金曜日、日本フィルハーモニー交響楽団の第546回定期演奏会に行ってきました(サントリーホール)。
プログラムは、以下の通りです。指揮は、下野竜也さんでした。
- 猿谷紀郎:潦(にわたずみ)の雫
- シューマン:交響曲第4番 ニ短調 作品120
- ウェーバー:劇音楽《トゥーランドット》作品37より 「中国風序曲」「行進曲」
- ヒンデミット:ウェーバーの主題による交響的変容
最近の日フィルは、弦の響きがよくなっていて、今日も、とくに2曲目のシューマンの交響曲第4番がなかなか聴かせる演奏でした。4曲目のヒンデミットは、僕の好きな作曲家ですが、“本歌取り”の元歌であるウェーバーのトゥーランドットからの曲と並べての演奏と、プログラムもなかなか趣向が凝らされていて、楽しませてもらいました。
指揮の下野さんは1969年生まれの若手。
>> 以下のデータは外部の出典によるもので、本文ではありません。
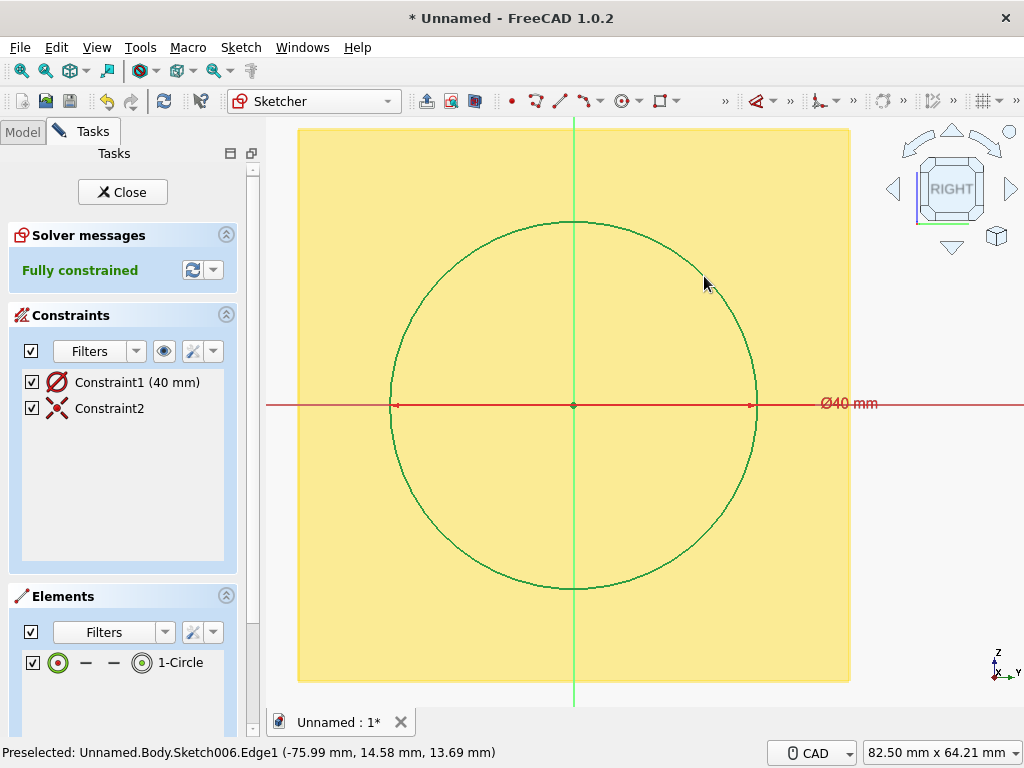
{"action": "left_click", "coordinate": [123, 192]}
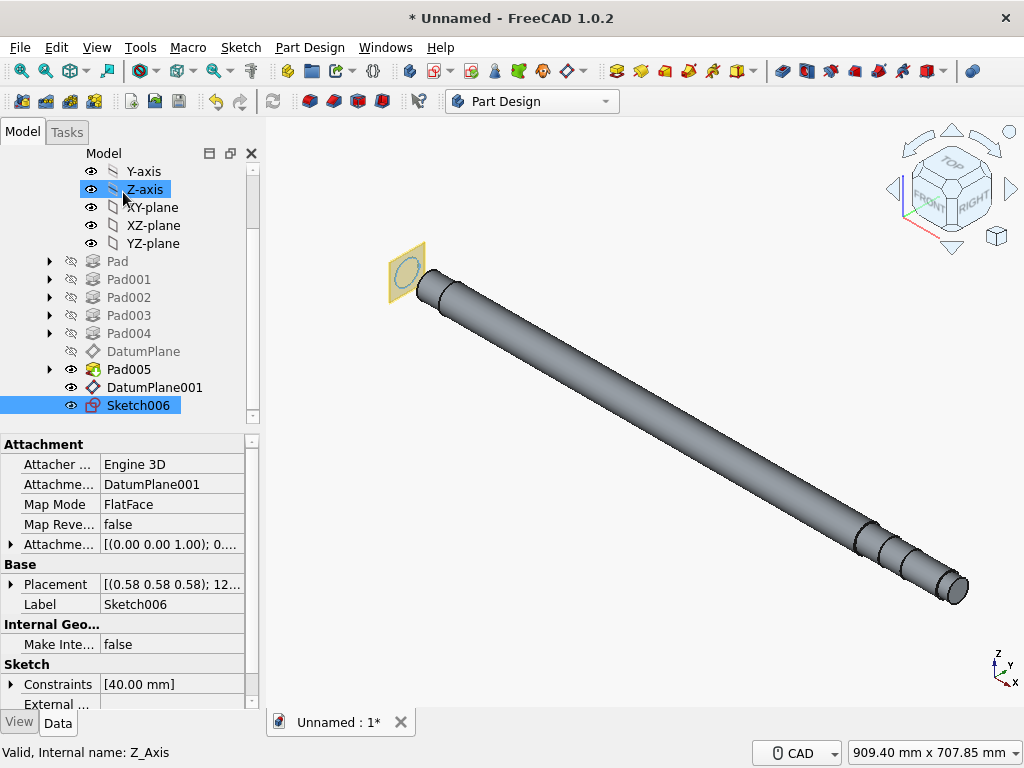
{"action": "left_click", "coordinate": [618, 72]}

ちっちゃい身体をいっぱいに使った精力的な指揮振りで、好演でした。演奏終了後も、なかなか御本人が中央に出ようとせず、オケのパートをたたせるなどするばかりで、最後に楽団員から催促もされてようやく指揮台にのぼってお辞儀をされると、大きな拍手を集めていました。
1曲目の「潦の雫」では、舞台には、オーケストラとともに、音はマイクで拾わず生のままでというオーケストラの常識に反して、PAとスピーカーが置かれていました。日フィル委嘱作で初演ということですが、ぞわぞわ、もぞもぞ、ぎゅるるるる…という、いわゆる現代音楽です。作曲者自身による解説には「長い間漠然と『美しいもの』を尋ねてきた」とありますが、僕は、この手の現代音楽が苦手で、どこが「美しい」のか分からないままでした。
2曲目のシューマンの交響曲第4番は、交響曲といっても全曲が切れ目なく演奏され、時間もせいぜい30分程度という短い曲です。重々しい感じの序奏と、「生きいきと」という指示のある第1楽章の主部部分とが、対照を示しながらからみあう感じが印象的です。演奏でも、2つの対照がバランス良く、楽しませていただきました。
それにしても、客席は、欲目にも半分ほどしか埋まっていない、という感じ。シューマンはともかく、ウェーバーとヒンデミットではやっぱりお客さんは集まらない…ということなのでしょうか。好演だっただけに、残念でなりません。